The Helicopter Problem

Mar 15, 2026

Learning & Change

By Kavi Arasu

Cognitive debt in AI is real.

What a mathematician’s observation about AI tells us about the future of leadership judgement

Terence Tao — widely regarded as the world’s greatest living mathematician — recently described a concern about using AI to solve hard problems. His framing was simple enough to fit on a napkin and sharp enough to keep you up at night.

Hard problems, he said, are like distant locations you would hike to. You make the journey. You lay down trail markers. You make maps that others can follow. AI tools are like taking a helicopter to the site. You get the destination. You miss everything in between. And the destination, it turns out, was only part of the value.

He was talking about mathematics. The observation applies rather more broadly.

What the research found

In June 2025, researchers at MIT Media Lab published a study tracking 54 participants across four months of writing tasks — some using ChatGPT, some using search engines, some relying only on their own minds. They measured cognitive engagement via EEG, analysed the outputs for originality, and interviewed participants afterwards.

The results were uncomfortable. ChatGPT users showed weaker neural connectivity, lower memory recall, and reduced originality. They also reported the lowest sense of ownership over work they had nominally produced — and struggled to recall or explain the content of their own essays. The researchers named this effect cognitive debt: the cumulative cost of outsourcing thinking before you have done any yourself.

Two findings are worth holding. First, sequence matters more than tool use. Participants who attempted the task independently before turning to AI retained far stronger cognitive engagement throughout. Those who reached for the tool first struggled to think clearly even after it was removed. The habit of bypassing initial effort left them, in effect, cognitively unmoored.

Second, the AI-assisted essays converged. Similar structures, similar framings, similar conclusions. The brain-only group produced more diverse — and more original — work.

The study is not yet peer-reviewed and its sample is modest. But the directional finding is hard to dismiss, particularly when you scale it from a student writing an essay to a senior team making a consequential decision.

What this looks like in practice

Many senior leaders now arrive at critical discussions having received an AI-synthesised brief. The key themes extracted. The options surfaced. The meeting starts faster, which everyone agrees is a good thing.

The efficiency gain is real. So is what gets traded away.

The unstructured thinking time — reading the original material, forming a first instinct, sitting with what does not quite fit — has been skipped. Which means the leader in the room has a position, but may not have a view. These are not the same thing. A position can be summarised. A view can be defended.

Tao’s metaphor is useful here.

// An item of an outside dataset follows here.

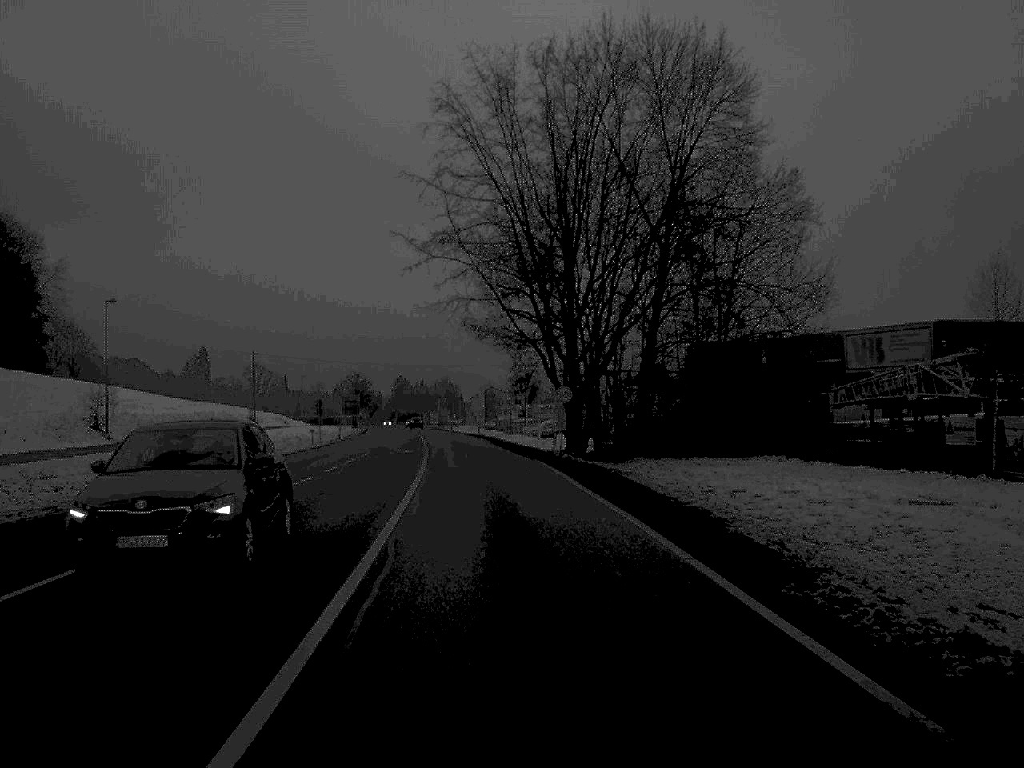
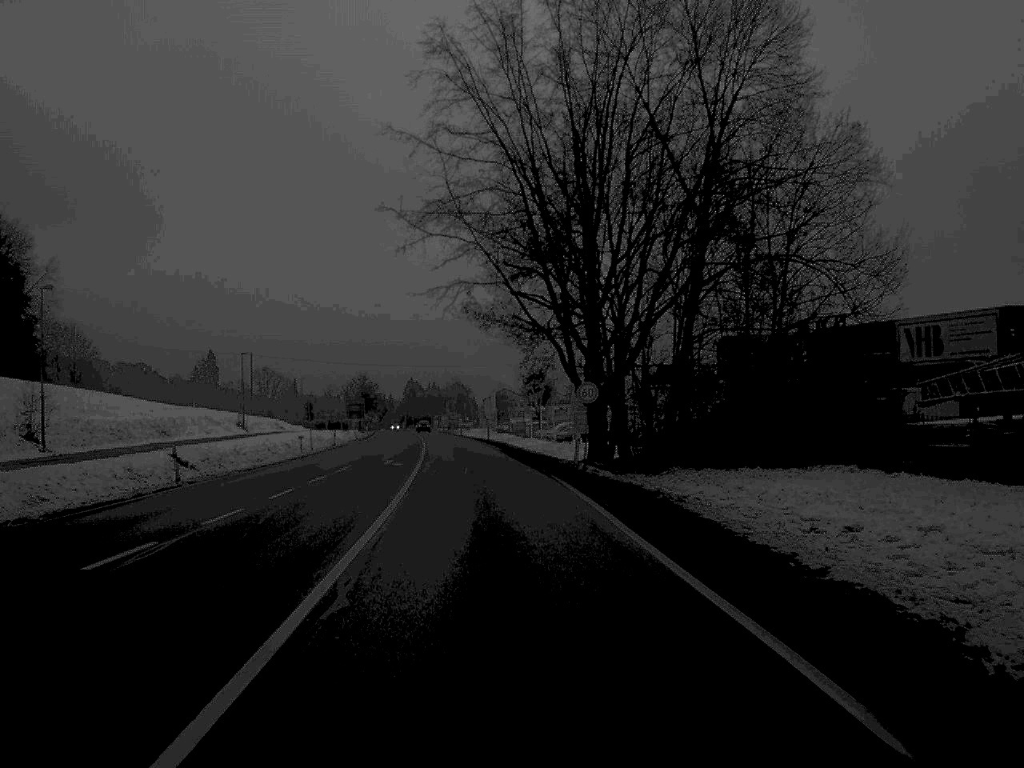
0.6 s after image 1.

The leader who made the journey can orient others — explain the terrain, mark the dead ends, describe what the approach looked like before the destination came into view. The leader who took the helicopter can describe the destination. Useful. But not the same thing, and under pressure the difference surfaces quickly.

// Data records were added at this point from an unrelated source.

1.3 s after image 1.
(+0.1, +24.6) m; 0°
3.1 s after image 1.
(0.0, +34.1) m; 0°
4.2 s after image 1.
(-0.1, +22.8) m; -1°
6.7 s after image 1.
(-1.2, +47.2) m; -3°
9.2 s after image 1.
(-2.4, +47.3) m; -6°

There is a further risk at the team level. If several members of a senior team are using similar tools, with similar prompts, trained on similar data, to prepare for the same conversation — the diversity of input to that conversation is lower than it appears. They may disagree vigorously. They may be disagreeing within a narrower frame of possible thought than any of them realise, because their thinking was shaped upstream by the same source.

A leadership team that looks analytically equipped but is drawing on a shared synthetic feed is not the same as a leadership team that has genuinely done its own thinking. It just looks that way until something genuinely hard arrives.

The question worth sitting with

The argument is not that AI has no place in leadership work. It demonstrably does. The question is about sequence.

The MIT research is clear: those who think first and use AI second retain both cognitive engagement and ownership of their own conclusions. The debt accumulates when the tool becomes the entry point — when AI is where thinking starts rather than where it gets sharpened.

A useful test: could you reconstruct the core of your reasoning without the AI output? If the position you hold in a meeting is, in substance, the position the tool gave you — something has been skipped. Not illegally. Not catastrophically. But consequentially.

The discomfort of wrestling with a hard question, arriving at an uncertain view, and defending it in a room full of intelligent people who disagree is not a problem to be optimised away. It is the job.

The helicopter gets you there. The hike is what makes you useful when you arrive.